▶ _Data items_:
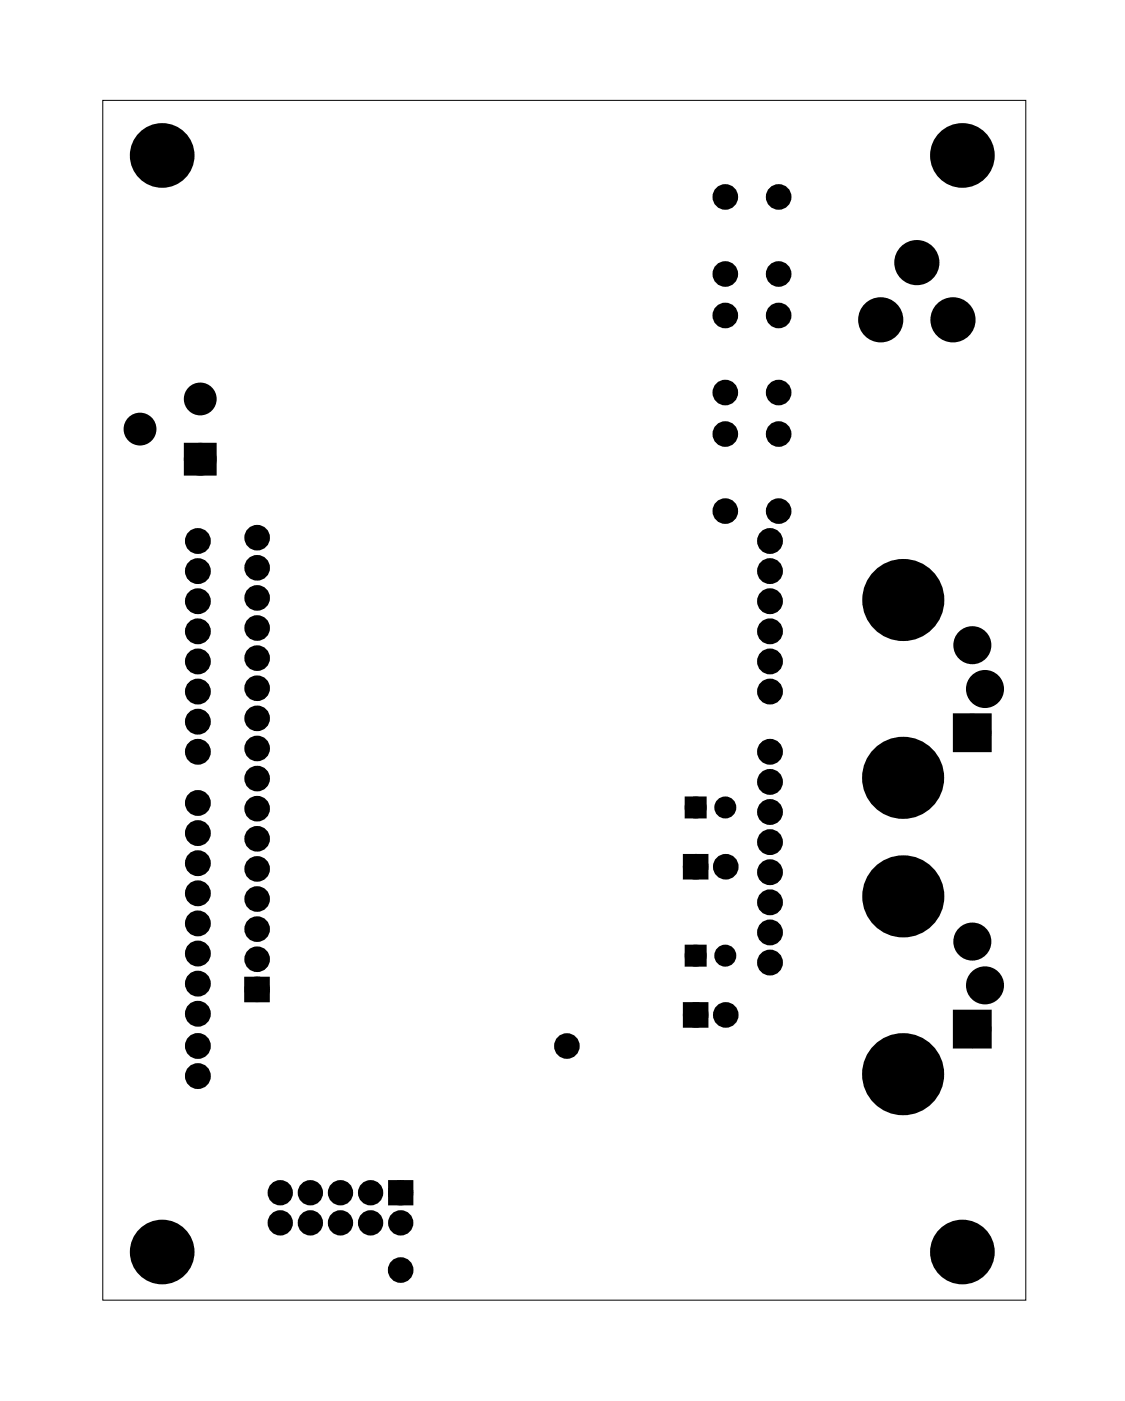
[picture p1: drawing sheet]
<svg xmlns="http://www.w3.org/2000/svg" width="95mm" height="118mm" viewBox="0 0 95 118" stroke-linecap="round" stroke-linejoin="round" font-family="sans-serif">
<path d="M8.7 8.5h77.8v101.2h-77.8z" fill="none" stroke="#000" stroke-width=".08"/>
<g fill="#000">
<circle cx="13.7" cy="13.1" r="2.1"/>
<circle cx="61.2" cy="16.6" r=".7"/>
<circle cx="65.7" cy="16.6" r=".7"/>
<circle cx="81.2" cy="13.1" r="2.1"/>
<circle cx="11.8" cy="36.2" r=".89"/>
<circle cx="16.9" cy="33.7" r=".89"/>
<circle cx="16.9" cy="38.7" r=".89"/>
<circle cx="61.2" cy="23.1" r=".7"/>
<circle cx="61.2" cy="26.6" r=".7"/>
<circle cx="61.2" cy="33.1" r=".7"/>
<circle cx="61.2" cy="36.6" r=".7"/>
<circle cx="65.7" cy="23.1" r=".7"/>
<circle cx="65.7" cy="26.6" r=".7"/>
<circle cx="65.7" cy="33.1" r=".7"/>
<circle cx="65.7" cy="36.6" r=".7"/>
<circle cx="74.3" cy="27" r="1.52"/>
<circle cx="77.3" cy="22.2" r="1.52"/>
<circle cx="80.4" cy="27" r="1.52"/>
<circle cx="16.7" cy="58.3" r=".7"/>
<circle cx="16.7" cy="55.8" r=".7"/>
<circle cx="16.7" cy="53.3" r=".7"/>
<circle cx="16.7" cy="48.2" r=".7"/>
<circle cx="16.7" cy="45.6" r=".7"/>
<circle cx="16.7" cy="50.7" r=".7"/>
<circle cx="21.7" cy="58.1" r=".7"/>
<circle cx="21.7" cy="55.5" r=".7"/>
<circle cx="21.7" cy="50.4" r=".7"/>
<circle cx="21.7" cy="47.9" r=".7"/>
<circle cx="21.7" cy="53" r=".7"/>
<circle cx="21.7" cy="45.4" r=".7"/>
<circle cx="61.2" cy="43.1" r=".7"/>
<circle cx="65" cy="58.3" r=".7"/>
<circle cx="65" cy="55.8" r=".7"/>
<circle cx="65" cy="53.3" r=".7"/>
<circle cx="65" cy="45.6" r=".7"/>
<circle cx="65" cy="48.2" r=".7"/>
<circle cx="65" cy="50.7" r=".7"/>
<circle cx="65.7" cy="43.1" r=".7"/>
<circle cx="76.2" cy="50.6" r="2.22"/>
<circle cx="82" cy="54.4" r="1"/>
<circle cx="83.1" cy="58.1" r="1"/>
<circle cx="16.7" cy="63.4" r=".7"/>
<circle cx="16.7" cy="77.9" r=".7"/>
<circle cx="16.7" cy="72.8" r=".7"/>
<circle cx="16.7" cy="60.9" r=".7"/>
<circle cx="16.7" cy="75.4" r=".7"/>
<circle cx="16.7" cy="67.7" r=".7"/>
<circle cx="16.7" cy="70.3" r=".7"/>
<circle cx="21.7" cy="60.6" r=".7"/>
<circle cx="21.7" cy="68.2" r=".7"/>
<circle cx="21.7" cy="75.8" r=".7"/>
<circle cx="21.7" cy="65.7" r=".7"/>
<circle cx="21.7" cy="70.8" r=".7"/>
<circle cx="21.7" cy="73.3" r=".7"/>
<circle cx="21.7" cy="78.4" r=".7"/>
<circle cx="21.7" cy="63.1" r=".7"/>
<circle cx="58.7" cy="68.1" r=".6"/>
<circle cx="58.7" cy="73.1" r=".7"/>
<circle cx="61.2" cy="68.1" r=".6"/>
<circle cx="61.2" cy="73.1" r=".7"/>
<circle cx="65" cy="73.6" r=".7"/>
<circle cx="65" cy="76.1" r=".7"/>
<circle cx="65" cy="66" r=".7"/>
<circle cx="65" cy="63.4" r=".7"/>
<circle cx="65" cy="78.7" r=".7"/>
<circle cx="65" cy="71" r=".7"/>
<circle cx="65" cy="68.5" r=".7"/>
<circle cx="76.2" cy="65.6" r="2.22"/>
<circle cx="76.2" cy="75.6" r="2.22"/>
<circle cx="82" cy="61.8" r="1"/>
<circle cx="82" cy="79.4" r="1"/>
<circle cx="16.7" cy="83" r=".7"/>
<circle cx="16.7" cy="85.5" r=".7"/>
<circle cx="16.7" cy="90.8" r=".7"/>
<circle cx="16.7" cy="80.4" r=".7"/>
<circle cx="16.7" cy="88.2" r=".7"/>
<circle cx="21.7" cy="83.5" r=".7"/>
<circle cx="21.7" cy="80.9" r=".7"/>
<circle cx="47.8" cy="88.2" r=".7"/>
<circle cx="58.7" cy="80.6" r=".6"/>
<circle cx="58.7" cy="85.6" r=".7"/>
<circle cx="61.2" cy="80.6" r=".6"/>
<circle cx="61.2" cy="85.6" r=".7"/>
<circle cx="65" cy="81.2" r=".7"/>
<circle cx="76.2" cy="90.6" r="2.22"/>
<circle cx="82" cy="86.8" r="1"/>
<circle cx="83.1" cy="83.1" r="1"/>
<circle cx="13.7" cy="105.6" r="2.1"/>
<circle cx="23.6" cy="103.2" r=".72"/>
<circle cx="23.6" cy="100.6" r=".72"/>
<circle cx="26.2" cy="103.2" r=".72"/>
<circle cx="26.2" cy="100.6" r=".72"/>
<circle cx="28.7" cy="103.2" r=".72"/>
<circle cx="28.7" cy="100.6" r=".72"/>
<circle cx="31.3" cy="103.2" r=".72"/>
<circle cx="31.3" cy="100.6" r=".72"/>
<circle cx="33.8" cy="107.1" r=".7"/>
<circle cx="33.8" cy="103.2" r=".72"/>
<circle cx="33.8" cy="100.6" r=".72"/>
<circle cx="81.2" cy="105.6" r="2.1"/>
</g>
<g fill="none" stroke="#000" stroke-width=".78" stroke-linecap="butt">
<circle cx="16.7" cy="55.8" r=".7"/>
<circle cx="16.7" cy="53.3" r=".7"/>
<circle cx="16.7" cy="50.7" r=".7"/>
<circle cx="16.7" cy="58.3" r=".7"/>
<circle cx="16.7" cy="45.6" r=".7"/>
<circle cx="16.7" cy="48.2" r=".7"/>
<circle cx="65" cy="58.3" r=".7"/>
<circle cx="65" cy="55.8" r=".7"/>
<circle cx="65" cy="53.3" r=".7"/>
<circle cx="65" cy="50.7" r=".7"/>
<circle cx="65" cy="45.6" r=".7"/>
<circle cx="65" cy="48.2" r=".7"/>
<circle cx="16.7" cy="60.9" r=".7"/>
<circle cx="16.7" cy="67.7" r=".7"/>
<circle cx="16.7" cy="63.4" r=".7"/>
<circle cx="16.7" cy="72.8" r=".7"/>
<circle cx="16.7" cy="77.9" r=".7"/>
<circle cx="16.7" cy="75.4" r=".7"/>
<circle cx="16.7" cy="70.3" r=".7"/>
<circle cx="65" cy="63.4" r=".7"/>
<circle cx="65" cy="66" r=".7"/>
<circle cx="65" cy="68.5" r=".7"/>
<circle cx="65" cy="76.1" r=".7"/>
<circle cx="65" cy="73.6" r=".7"/>
<circle cx="65" cy="71" r=".7"/>
<circle cx="65" cy="78.7" r=".7"/>
<circle cx="16.7" cy="80.4" r=".7"/>
<circle cx="16.7" cy="83" r=".7"/>
<circle cx="16.7" cy="85.5" r=".7"/>
<circle cx="16.7" cy="88.2" r=".7"/>
<circle cx="16.7" cy="90.8" r=".7"/>
<circle cx="65" cy="81.2" r=".7"/>
</g>
<path d="M16 37.8h1.8v1.8h-1.8zM58 72.4h1.4v1.4h-1.4zM58.1 67.5h1.2v1.2h-1.2zM81 60.8h2v2h-2zM21 82.8h1.4v1.4h-1.4zM33.1 99.9h1.4v1.4h-1.4zM58 84.9h1.4v1.4h-1.4zM58.1 80h1.2v1.2h-1.2zM81 85.8h2v2h-2z" fill="#000"/>
<g fill="none" stroke="#000" stroke-width="1.2" stroke-linecap="butt">
<path d="M81 60.8h2v2h-2zM81 85.8h2v2h-2z"/>
<circle cx="82" cy="54.4" r="1"/>
<circle cx="83.1" cy="58.1" r="1"/>
<circle cx="82" cy="61.8" r="1"/>
<circle cx="82" cy="79.4" r="1"/>
<circle cx="82" cy="86.8" r="1"/>
<circle cx="83.1" cy="83.1" r="1"/>
</g>
<g fill="none" stroke="#000" stroke-width="2.5" stroke-linecap="butt">
<circle cx="76.2" cy="50.6" r="2.22"/>
<circle cx="76.2" cy="65.6" r="2.22"/>
<circle cx="76.2" cy="75.6" r="2.22"/>
<circle cx="76.2" cy="90.6" r="2.22"/>
</g>
<g fill="none" stroke="#000" stroke-width=".99" stroke-linecap="butt">
<path d="M16 37.8h1.8v1.8h-1.8z"/>
<circle cx="11.8" cy="36.2" r=".89"/>
<circle cx="16.9" cy="38.7" r=".89"/>
<circle cx="16.9" cy="33.7" r=".89"/>
</g>
<g fill="none" stroke="#000" stroke-width=".76" stroke-linecap="butt">
<path d="M58 72.4h1.4v1.4h-1.4zM21 82.8h1.4v1.4h-1.4zM58 84.9h1.4v1.4h-1.4z"/>
<circle cx="61.2" cy="16.6" r=".7"/>
<circle cx="65.7" cy="16.6" r=".7"/>
<circle cx="61.2" cy="23.1" r=".7"/>
<circle cx="61.2" cy="33.1" r=".7"/>
<circle cx="61.2" cy="26.6" r=".7"/>
<circle cx="61.2" cy="36.6" r=".7"/>
<circle cx="65.7" cy="23.1" r=".7"/>
<circle cx="65.7" cy="33.1" r=".7"/>
<circle cx="65.7" cy="26.6" r=".7"/>
<circle cx="65.7" cy="36.6" r=".7"/>
<circle cx="74.3" cy="27" r="1.52"/>
<circle cx="77.3" cy="22.2" r="1.52"/>
<circle cx="80.4" cy="27" r="1.52"/>
<circle cx="21.7" cy="55.5" r=".7"/>
<circle cx="21.7" cy="47.9" r=".7"/>
<circle cx="21.7" cy="50.4" r=".7"/>
<circle cx="21.7" cy="58.1" r=".7"/>
<circle cx="21.7" cy="53" r=".7"/>
<circle cx="21.7" cy="45.4" r=".7"/>
<circle cx="61.2" cy="43.1" r=".7"/>
<circle cx="65.7" cy="43.1" r=".7"/>
<circle cx="21.7" cy="70.8" r=".7"/>
<circle cx="21.7" cy="73.3" r=".7"/>
<circle cx="21.7" cy="75.8" r=".7"/>
<circle cx="21.7" cy="78.4" r=".7"/>
<circle cx="21.7" cy="65.7" r=".7"/>
<circle cx="21.7" cy="60.6" r=".7"/>
<circle cx="21.7" cy="68.2" r=".7"/>
<circle cx="21.7" cy="63.1" r=".7"/>
<circle cx="58.7" cy="73.1" r=".7"/>
<circle cx="61.2" cy="73.1" r=".7"/>
<circle cx="21.7" cy="80.9" r=".7"/>
<circle cx="21.7" cy="83.5" r=".7"/>
<circle cx="47.8" cy="88.2" r=".7"/>
<circle cx="58.7" cy="85.6" r=".7"/>
<circle cx="61.2" cy="85.6" r=".7"/>
<circle cx="33.8" cy="107.1" r=".7"/>
</g>
<g fill="none" stroke="#000" stroke-width=".65" stroke-linecap="butt">
<path d="M58.1 67.5h1.2v1.2h-1.2zM58.1 80h1.2v1.2h-1.2z"/>
<circle cx="58.7" cy="68.1" r=".6"/>
<circle cx="61.2" cy="68.1" r=".6"/>
<circle cx="58.7" cy="80.6" r=".6"/>
<circle cx="61.2" cy="80.6" r=".6"/>
</g>
<g fill="none" stroke="#000" stroke-width=".69" stroke-linecap="butt">
<path d="M33.1 99.9h1.4v1.4h-1.4z"/>
<circle cx="23.6" cy="103.2" r=".72"/>
<circle cx="23.6" cy="100.6" r=".72"/>
<circle cx="26.2" cy="103.2" r=".72"/>
<circle cx="26.2" cy="100.6" r=".72"/>
<circle cx="28.7" cy="103.2" r=".72"/>
<circle cx="28.7" cy="100.6" r=".72"/>
<circle cx="31.3" cy="103.2" r=".72"/>
<circle cx="31.3" cy="100.6" r=".72"/>
<circle cx="33.8" cy="103.2" r=".72"/>
<circle cx="33.8" cy="100.6" r=".72"/>
</g>
<g fill="none" stroke="#000" stroke-width="1.3" stroke-linecap="butt">
<circle cx="13.7" cy="13.1" r="2.1"/>
<circle cx="81.2" cy="13.1" r="2.1"/>
<circle cx="13.7" cy="105.6" r="2.1"/>
<circle cx="81.2" cy="105.6" r="2.1"/>
</g>
</svg>

▶ _Brief_: Every line in the data above that contains the word "butt" counts; report how many there are and nothing more.

▶ _Answer section_: 8